Auction Algorithms for Market Equilibrium with Weak Gross Substitute Demands

TL;DR

This paper introduces a simple auction algorithm for approximate market equilibrium in Arrow-Debreu markets with weak gross substitutes demands, leveraging a price update oracle, and applies it to approximate Nash social welfare solutions.

Contribution

It presents a novel auction algorithm for WGS demands using a price oracle, and provides the first polynomial-time approximation for a relaxed Nash social welfare problem.

Findings

Efficient auction algorithm for WGS demands with a price oracle.

Polynomial-time approximation for Nash social welfare with capped utilities.

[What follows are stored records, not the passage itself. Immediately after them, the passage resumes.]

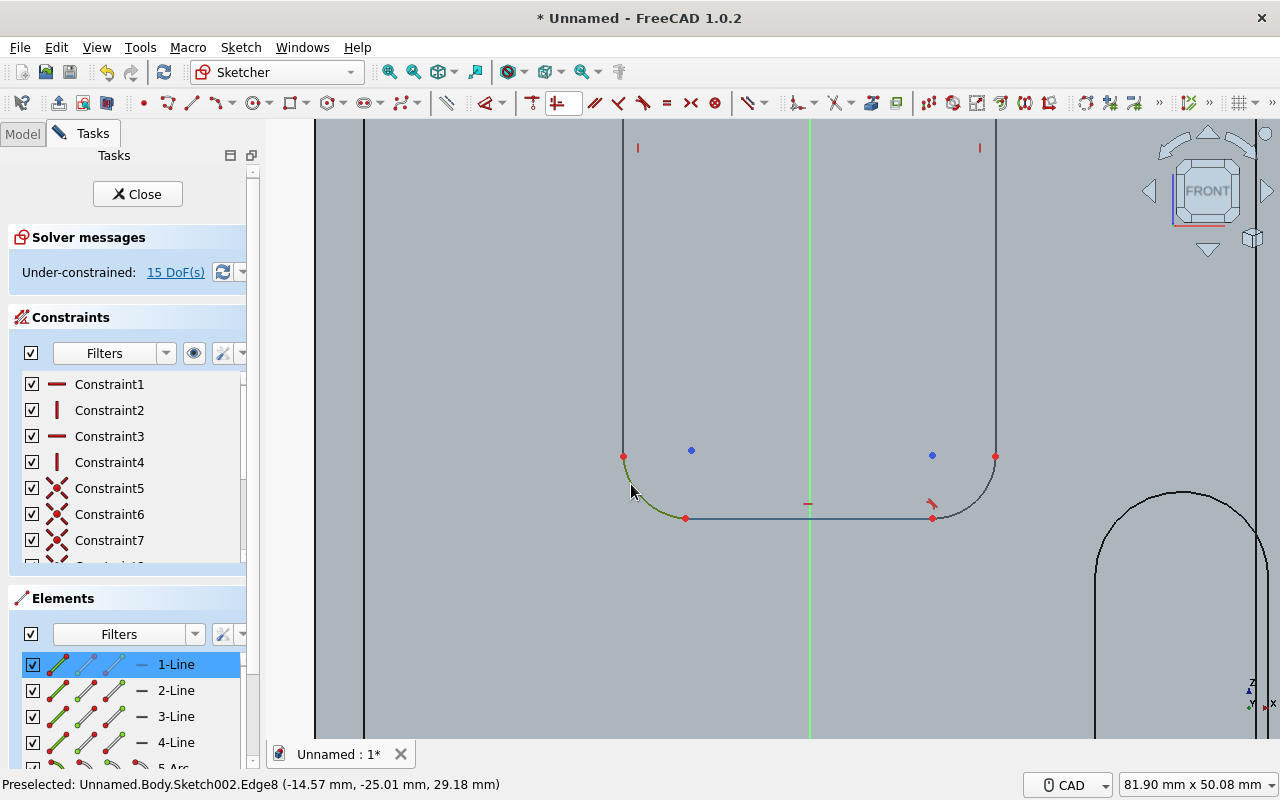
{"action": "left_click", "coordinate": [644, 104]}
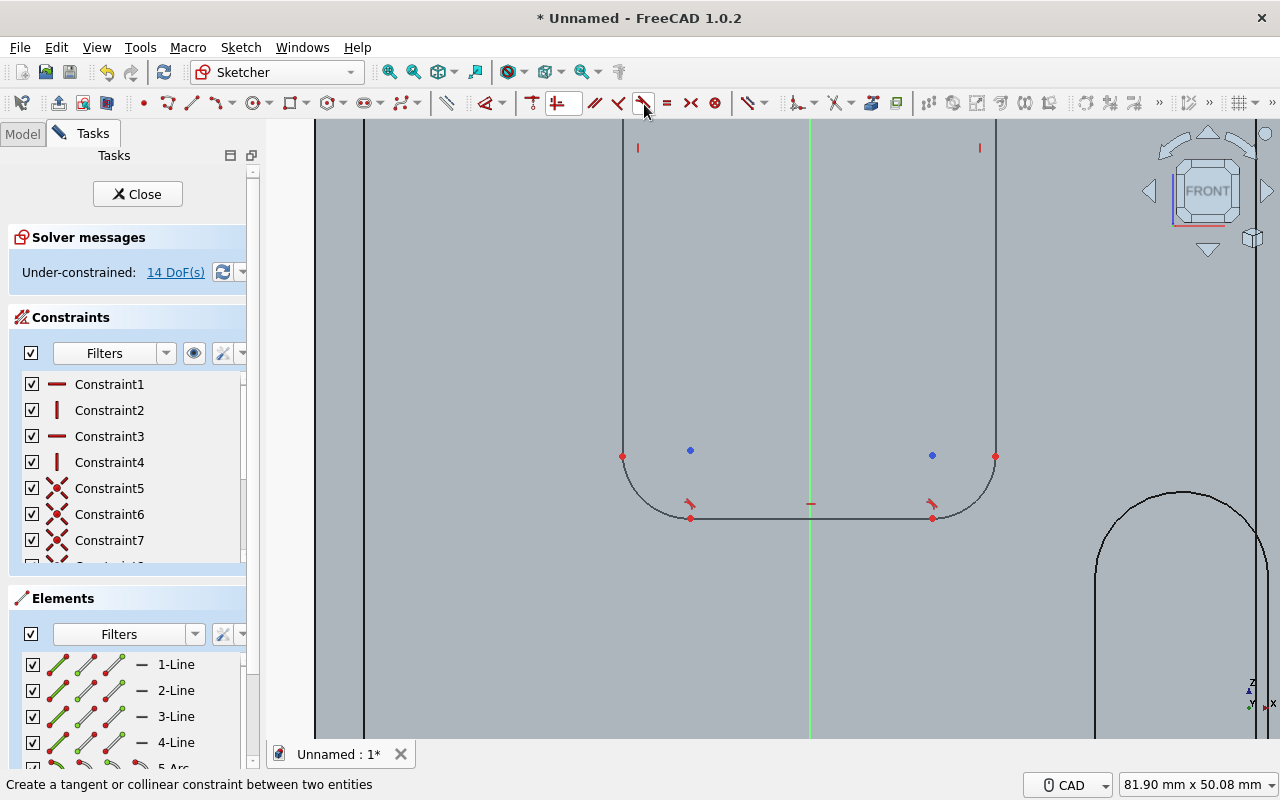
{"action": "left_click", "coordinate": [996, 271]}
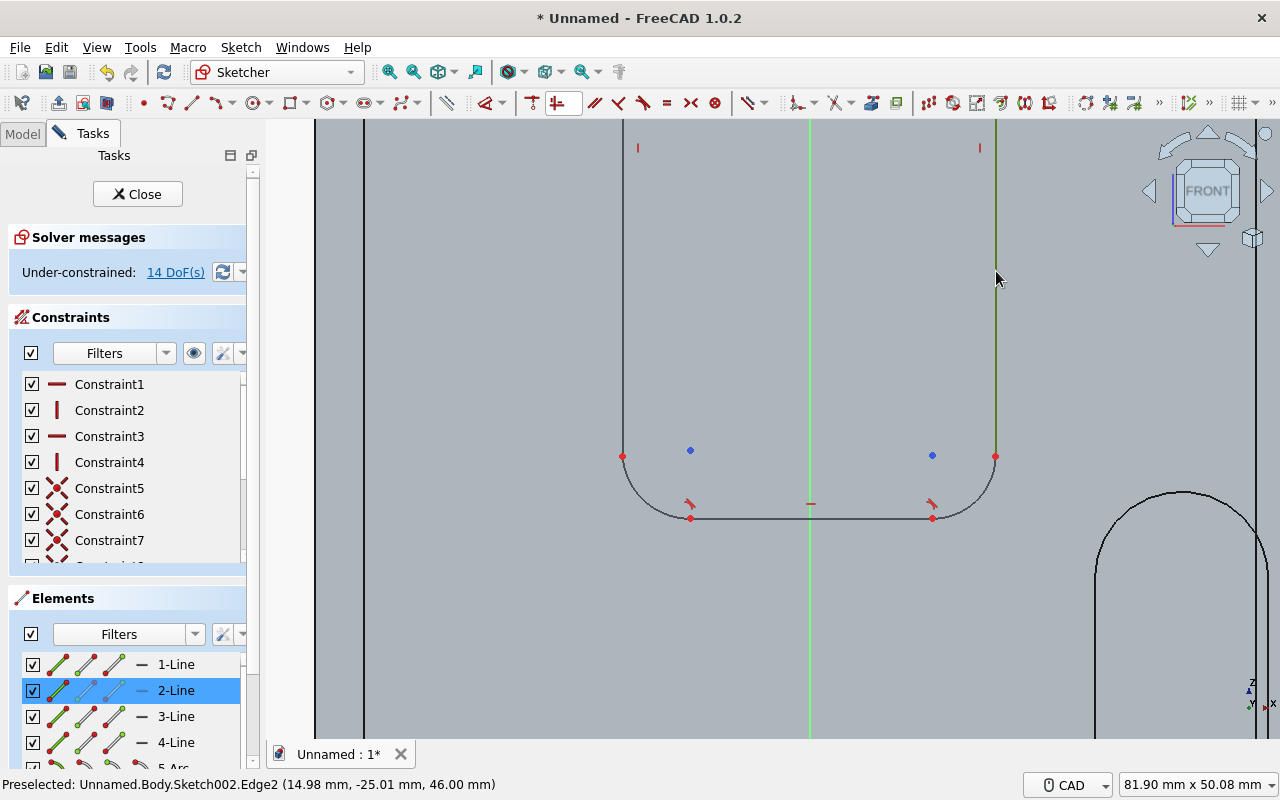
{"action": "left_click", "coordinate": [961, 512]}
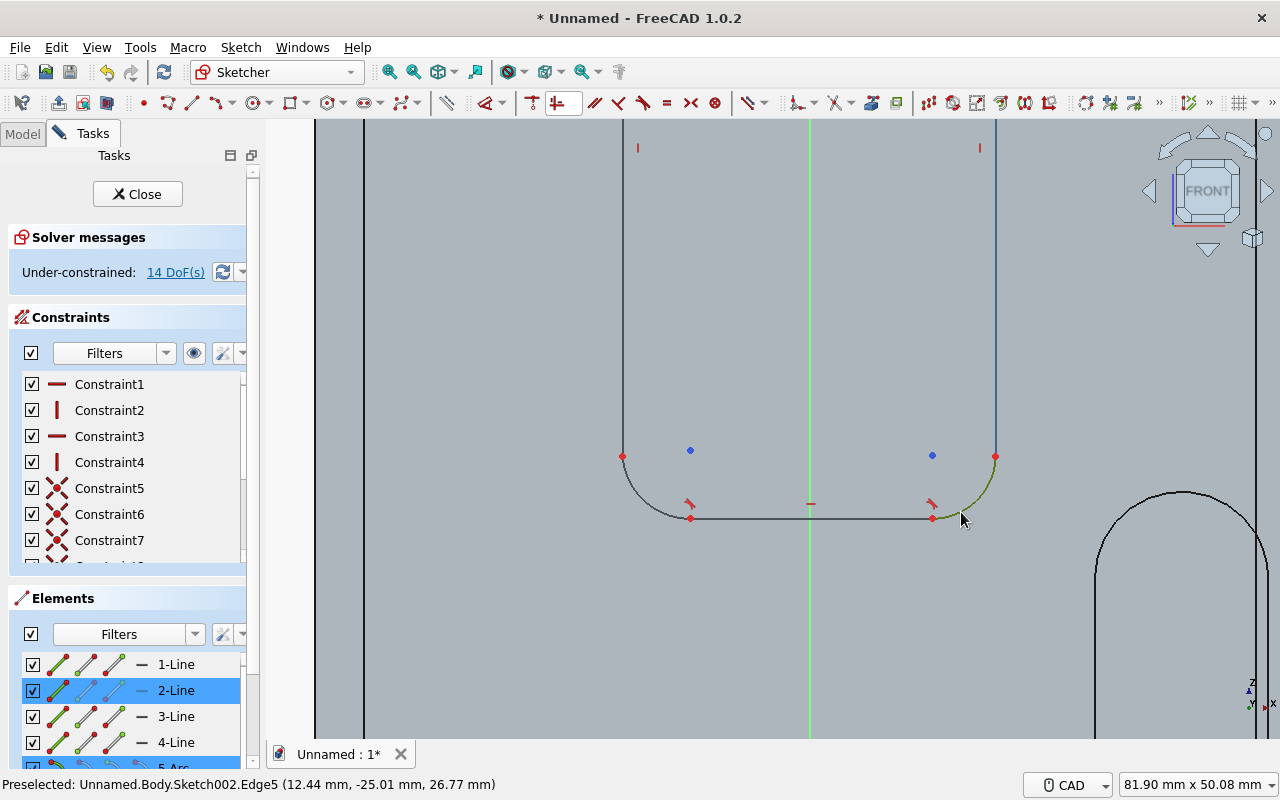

Implementation of specific oracles for bounded elasticities and Gale demand systems.

Abstract

We consider the Arrow--Debreu exchange market model under the assumption that the agents' demands satisfy the weak gross substitutes (WGS) property. We present a simple auction algorithm that obtains an approximate market equilibrium for WGS demands assuming the availability of a price update oracle. We exhibit specific implementations of such an oracle for WGS demands with bounded price elasticities and for Gale demand systems. As an application of our result, we obtain an efficient algorithm to find an approximate spending-restricted market equilibrium for WGS demands, a model that has been recently introduced as a continuous relaxation of the Nash social welfare (NSW) problem. This leads to a polynomial-time constant factor approximation algorithm for the NSW problem with capped additive separable piecewise linear utility functions; only a pseudopolynomial approximation algorithm was known for this setting previously.